Ringrazio le confraternite e le associazioni presenti a questa cerimonia e, in modo particolare, le Confraternite di Castel Sant’Elia: la Confraternita dei Santi Protettori e la Confraternita della Madonna di Loreto, che con grande dedizione e amore, come sempre in questi anni, hanno preparato e portato sulle spalle la macchina della Madonna.

E' impossibile elencare tutte le persone che in questi anni ho incontrato, servito, che in tanti modi hanno arricchito il mio ministero e il mio sacerdozio, e con grande generosità hanno sostenuto le attività di questo santuario.
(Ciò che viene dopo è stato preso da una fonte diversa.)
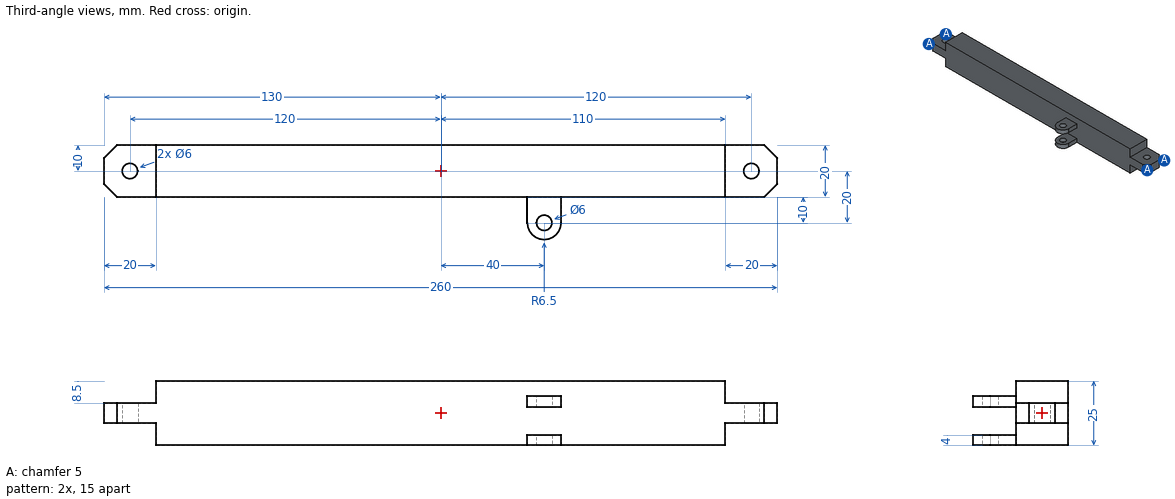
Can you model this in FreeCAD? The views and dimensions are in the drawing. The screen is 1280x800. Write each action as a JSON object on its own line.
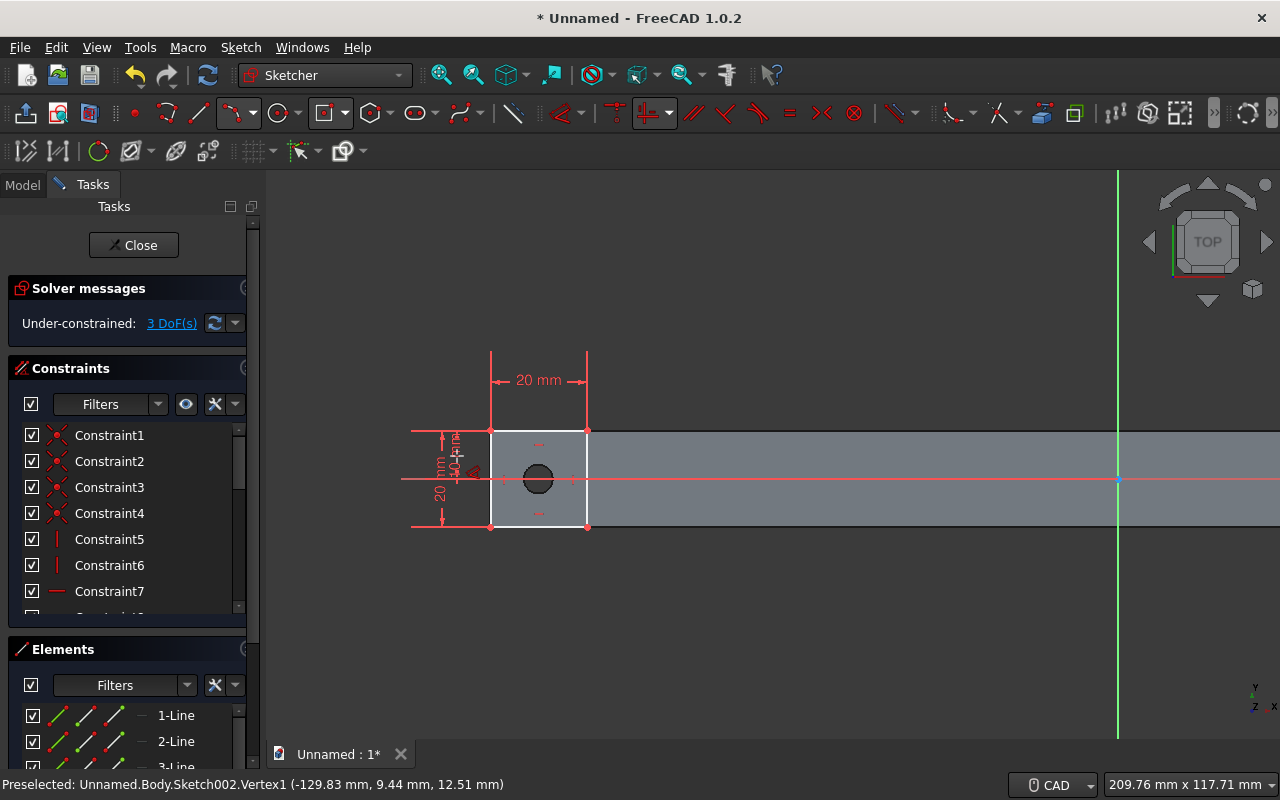
{"action": "scroll", "coordinate": [367, 434], "scroll_direction": "down", "scroll_amount": 4}

Il loro operato è frutto di un grande spirito di dedizione e di amore al Signore e alla Beata Vergine Maria. Sia Lei a intercedere per ciascuno di voi, cari amici, presso il Suo Figlio perché possiate ottenere da Lui ogni benedizione e sostegno nel cammino. Vi ricompensi il Signore, cari fratelli e sorelle, e la Madonna vi tenga sempre sotto il manto della sua materna protezione, concedendovi il suo aiuto!

E a Padre Stanislao Zurad, mio successore nell'incarico di Rettore del Santuario e di Superiore della Comunità, la benedizione del Signore per la sua nuova e importante missione.

            Grazie di cuore a tutti….. per tutto!